The big one: no word for "of"

This is the feature to internalise. In English, a measure phrase has three parts: the measure, the word of, and the substance — "a kilo of apples." Swedish drops the middle word entirely. You place the measure word directly in front of the substance, like two beads on a string:

ett kilo äpplen = a kilo [of] apples en flaska vin = a bottle [of] wine en kopp kaffe = a cup [of] coffee

There is no av, no från, nothing. Learners coming from English (or French de, or German von) instinctively reach for a connecting word and produce the wrong ett kilo av äpplen — which a Swede would never say. The two nouns simply sit side by side.

Hon drack en kopp te och åt en bit choklad.

She drank a cup of tea and ate a piece of chocolate. en kopp te, en bit choklad — pure juxtaposition.

Vi behöver ett paket smör och en liter grädde till tårtan.

We need a packet of butter and a litre of cream for the cake. Still no connecting word.

💡
The substance noun usually stays bare and indefinite after the measure: en kopp kaffe (not kaffet), ett kilo äpplen (indefinite plural). You're measuring out an unspecified amount of the stuff, so it carries no article. Reserve av for "of" in the genuine partitive-of-a-known-whole sense (en del av kakan, "a piece of the cake").

Quantifiers: how much, how many

For vaguer amounts you use quantifiers. The crucial split mirrors English much vs many: some go with uncountable mass nouns, others with countable plurals.

SwedishMeaningUsed with
litea little / a bitmass nouns
mycketmuch / a lotmass nouns
mångamanycountable plurals
någrasome / a fewcountable plurals
ett para couple / a paircountable plurals

Det finns lite mjölk kvar, men inte mycket.

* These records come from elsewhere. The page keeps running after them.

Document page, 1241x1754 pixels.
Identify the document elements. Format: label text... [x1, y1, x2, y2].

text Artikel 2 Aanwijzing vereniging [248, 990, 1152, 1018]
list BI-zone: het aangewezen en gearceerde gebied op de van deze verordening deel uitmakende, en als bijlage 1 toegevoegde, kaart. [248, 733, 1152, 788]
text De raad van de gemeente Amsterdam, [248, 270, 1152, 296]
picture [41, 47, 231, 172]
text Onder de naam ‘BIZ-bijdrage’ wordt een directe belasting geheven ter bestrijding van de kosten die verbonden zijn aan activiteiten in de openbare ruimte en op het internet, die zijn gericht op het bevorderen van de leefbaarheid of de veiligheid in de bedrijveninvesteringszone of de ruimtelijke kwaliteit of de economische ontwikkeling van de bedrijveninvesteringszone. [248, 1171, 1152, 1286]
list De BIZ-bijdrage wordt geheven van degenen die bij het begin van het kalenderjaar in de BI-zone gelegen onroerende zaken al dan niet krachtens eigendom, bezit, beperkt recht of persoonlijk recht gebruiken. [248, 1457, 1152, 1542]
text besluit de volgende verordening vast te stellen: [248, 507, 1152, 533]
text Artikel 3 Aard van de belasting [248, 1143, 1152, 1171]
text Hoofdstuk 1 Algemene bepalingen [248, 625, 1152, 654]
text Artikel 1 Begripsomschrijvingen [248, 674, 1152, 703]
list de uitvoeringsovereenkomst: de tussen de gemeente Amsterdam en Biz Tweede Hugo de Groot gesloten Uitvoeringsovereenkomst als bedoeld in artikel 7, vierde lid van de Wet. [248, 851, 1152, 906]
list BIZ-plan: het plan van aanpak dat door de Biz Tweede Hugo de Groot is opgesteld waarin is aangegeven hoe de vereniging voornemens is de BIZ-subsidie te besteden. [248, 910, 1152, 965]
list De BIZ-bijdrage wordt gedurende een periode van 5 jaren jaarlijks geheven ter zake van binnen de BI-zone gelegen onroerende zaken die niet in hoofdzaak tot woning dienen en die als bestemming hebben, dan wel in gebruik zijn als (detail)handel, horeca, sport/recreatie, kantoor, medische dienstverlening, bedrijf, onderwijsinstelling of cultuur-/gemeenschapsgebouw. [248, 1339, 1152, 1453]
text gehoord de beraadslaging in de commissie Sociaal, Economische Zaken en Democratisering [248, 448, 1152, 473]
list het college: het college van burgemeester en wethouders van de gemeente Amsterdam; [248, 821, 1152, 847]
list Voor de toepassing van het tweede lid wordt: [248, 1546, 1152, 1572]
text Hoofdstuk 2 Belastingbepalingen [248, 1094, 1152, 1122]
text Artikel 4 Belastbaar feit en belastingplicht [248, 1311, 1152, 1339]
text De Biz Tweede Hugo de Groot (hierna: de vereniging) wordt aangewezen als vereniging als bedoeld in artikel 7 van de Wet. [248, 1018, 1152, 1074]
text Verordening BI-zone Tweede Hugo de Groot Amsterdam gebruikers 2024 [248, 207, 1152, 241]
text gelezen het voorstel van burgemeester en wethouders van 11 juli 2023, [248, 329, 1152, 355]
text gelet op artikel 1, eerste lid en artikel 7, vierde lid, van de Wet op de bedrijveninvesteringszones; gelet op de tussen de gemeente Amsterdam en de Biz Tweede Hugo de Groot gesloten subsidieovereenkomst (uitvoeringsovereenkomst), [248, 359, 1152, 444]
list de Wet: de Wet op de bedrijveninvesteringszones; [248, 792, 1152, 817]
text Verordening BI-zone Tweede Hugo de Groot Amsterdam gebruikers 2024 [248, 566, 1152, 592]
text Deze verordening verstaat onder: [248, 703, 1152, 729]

There's a little milk left, but not much. lite and mycket with the mass noun mjölk.

Vi har många böcker men bara några stolar.

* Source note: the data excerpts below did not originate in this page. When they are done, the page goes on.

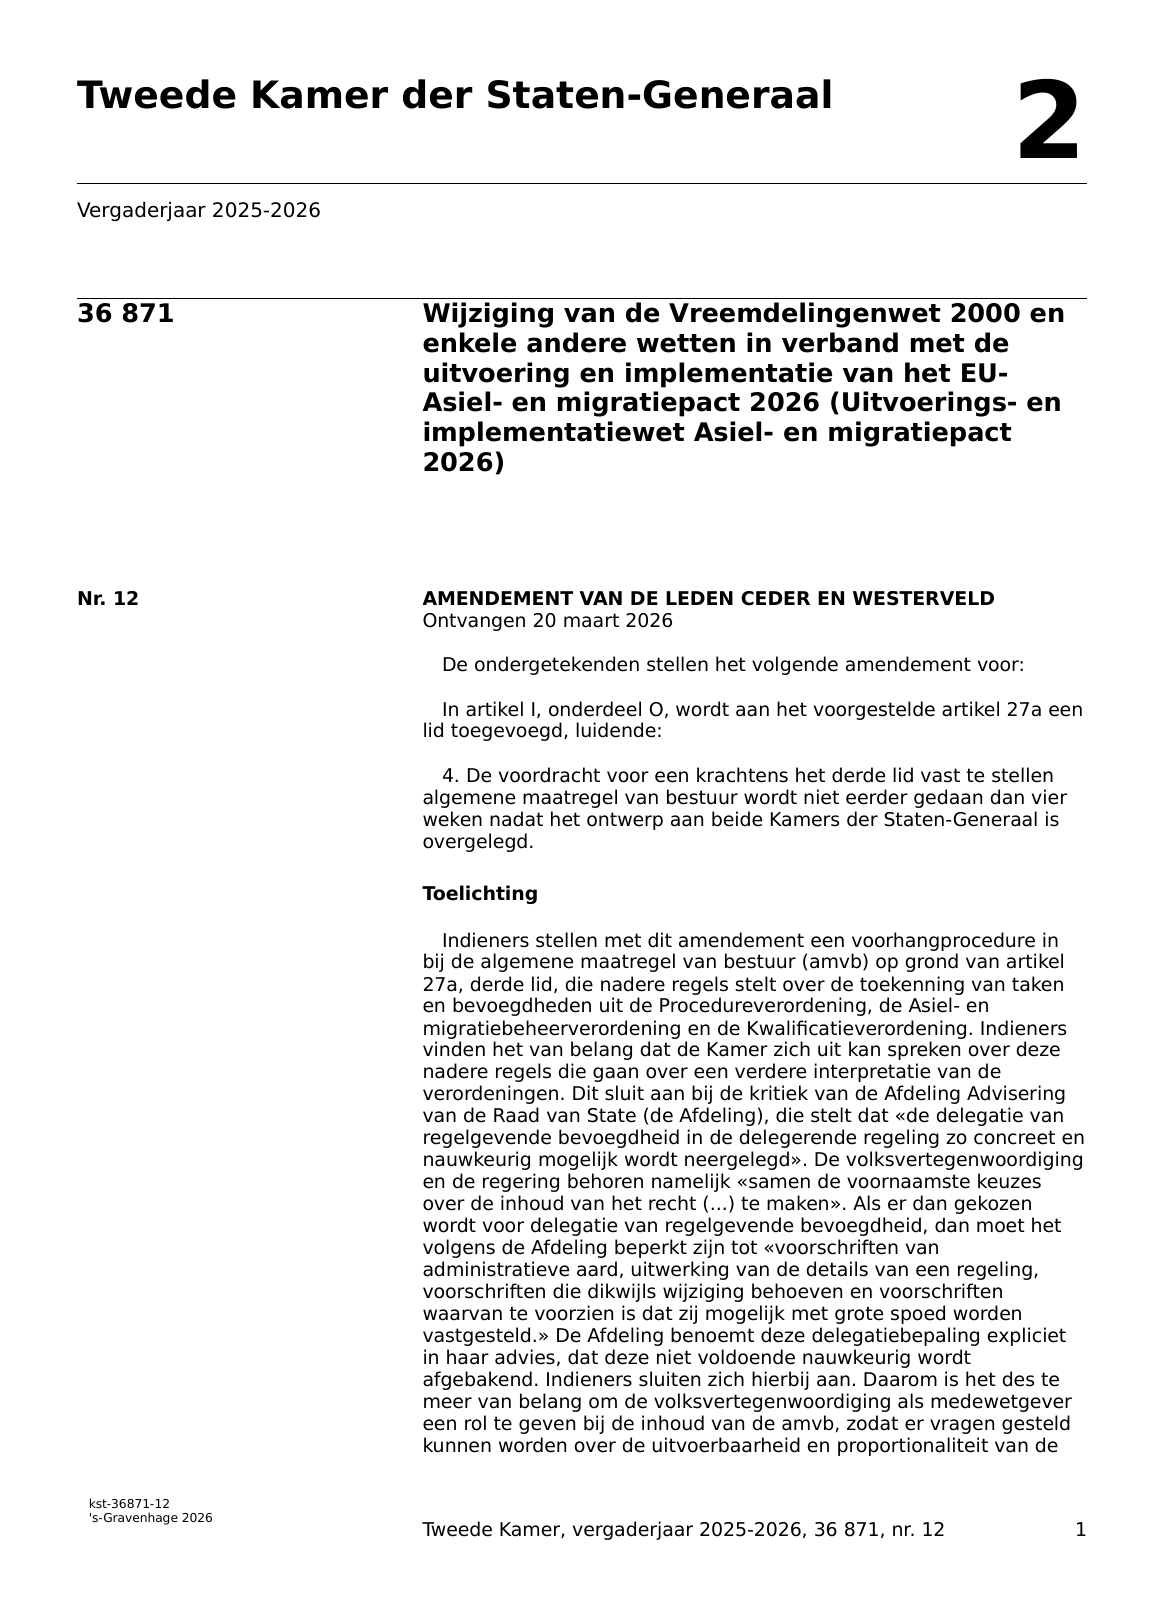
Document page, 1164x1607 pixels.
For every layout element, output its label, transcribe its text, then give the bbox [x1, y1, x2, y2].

text Indieners stellen met dit amendement een voorhangprocedure in bij de algemene maatregel van bestuur (amvb) op grond van artikel 27a, derde lid, die nadere regels stelt over de toekenning van taken en bevoegdheden uit de Procedureverordening, de Asiel- en migratiebeheerverordening en de Kwalificatieverordening. Indieners vinden het van belang dat de Kamer zich uit kan spreken over deze nadere regels die gaan over een verdere interpretatie van de verordeningen. Dit sluit aan bij de kritiek van de Afdeling Advisering van de Raad van State (de Afdeling), die stelt dat «de delegatie van regelgevende bevoegdheid in de delegerende regeling zo concreet en nauwkeurig mogelijk wordt neergelegd». De volksvertegenwoordiging en de regering behoren namelijk «samen de voornaamste keuzes over de inhoud van het recht (...) te maken». Als er dan gekozen wordt voor delegatie van regelgevende bevoegdheid, dan moet het volgens de Afdeling beperkt zijn tot «voorschriften van administratieve aard, uitwerking van de details van een regeling, voorschriften die dikwijls wijziging behoeven en voorschriften waarvan te voorzien is dat zij mogelijk met grote spoed worden vastgesteld.» De Afdeling benoemt deze delegatiebepaling expliciet in haar advies, dat deze niet voldoende nauwkeurig wordt afgebakend. Indieners sluiten zich hierbij aan. Daarom is het des te meer van belang om de volksvertegenwoordiging als medewetgever een rol te geven bij de inhoud van de amvb, zodat er vragen gesteld kunnen worden over de uitvoerbaarheid en proportionaliteit van de [422, 929, 1087, 1457]
text 4. De voordracht voor een krachtens het derde lid vast te stellen algemene maatregel van bestuur wordt niet eerder gedaan dan vier weken nadat het ontwerp aan beide Kamers der Staten-Generaal is overgelegd. [422, 764, 1087, 852]
text kst-36871-12 [88, 1497, 323, 1511]
subtitle 36 871 Wijziging van de Vreemdelingenwet 2000 en enkele andere wetten in verband met de uitvoering en implementatie van het EU-Asiel- en migratiepact 2026 (Uitvoerings- en implementatiewet Asiel- en migratiepact 2026) [77, 299, 1087, 477]
subtitle Nr. 12 AMENDEMENT VAN DE LEDEN CEDER EN WESTERVELD [77, 588, 1087, 610]
text Ontvangen 20 maart 2026 [422, 610, 1087, 632]
text De ondergetekenden stellen het volgende amendement voor: [422, 654, 1087, 676]
text In artikel I, onderdeel O, wordt aan het voorgestelde artikel 27a een lid toegevoegd, luidende: [422, 698, 1087, 742]
table_header Tweede Kamer der Staten-Generaal [77, 59, 886, 183]
text 's-Gravenhage 2026 [88, 1511, 323, 1525]
subtitle Toelichting [422, 882, 1087, 904]
table_cell Vergaderjaar 2025-2026 [77, 184, 1087, 298]
table_header 2 [886, 59, 1087, 183]

We have many books but only a few chairs. många and några with countable plurals.

Kan du köpa ett par bananer på vägen hem?

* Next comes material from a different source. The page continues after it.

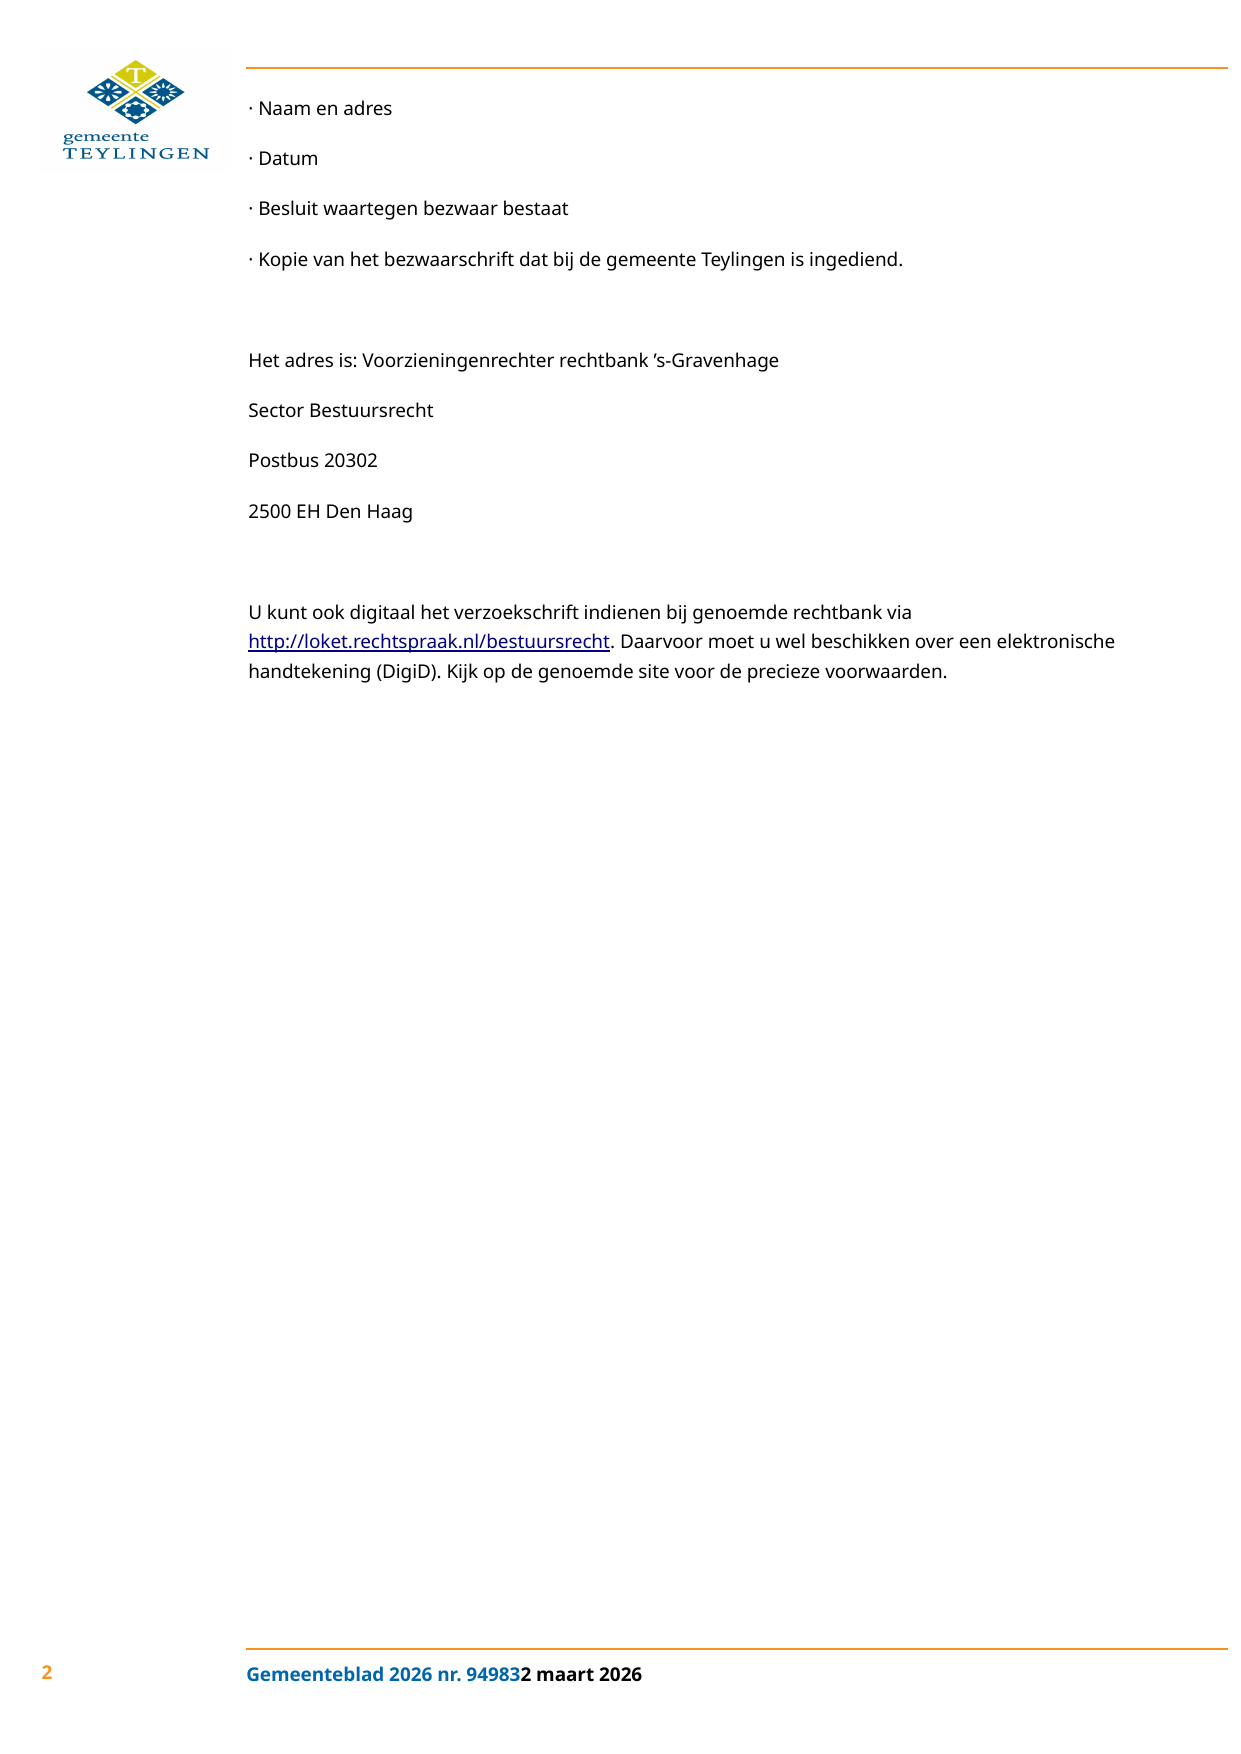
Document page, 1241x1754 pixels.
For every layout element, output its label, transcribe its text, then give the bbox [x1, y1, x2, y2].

Can you buy a couple of bananas on the way home? ett par bananer — and notice, still no 'of' after par.

💡
Match the quantifier to the noun type: mycket / lite for stuff you can't count (mycket kaffe), många / några for things you can (många koppar). Saying många kaffe for "much coffee" mixes the two — use mycket kaffe.

Common Mistakes

❌ ett kilo av äpplen

Incorrect — there is no 'of' in a measure phrase. Just place the nouns side by side.

✅ ett kilo äpplen

a kilo of apples.

❌ en kopp av kaffe

Incorrect — same rule; no 'av' between the measure and the substance.

✅ en kopp kaffe

a cup of coffee.

❌ två kilon potatis

Incorrect — units of measure stay singular after a number: två kilo, not 'två kilon'.

✅ två kilo potatis

two kilos of potatoes.

❌ många kaffe

Incorrect — kaffe is uncountable, so use mycket (much), not många (many).

✅ mycket kaffe

much / a lot of coffee.

❌ en flaska av vinet

Incorrect — the substance stays bare and indefinite, with no 'of': en flaska vin.

✅ en flaska vin

a bottle of wine.

Key Takeaways

  • Core units: ett gram, ett kilo, en liter, en deciliter (dl), en matsked (msk), en tesked (tsk).
  • Units of measure usually stay singular after a number: två kilo, tre liter.
  • No word for "of": the measure and the substance sit directly side by side — ett kilo äpplen, en kopp kaffe. Never av here.
  • The substance noun stays bare and indefinite after a measure.
  • Match quantifiers to the noun: lite / mycket for mass nouns, många / några / ett par for countables.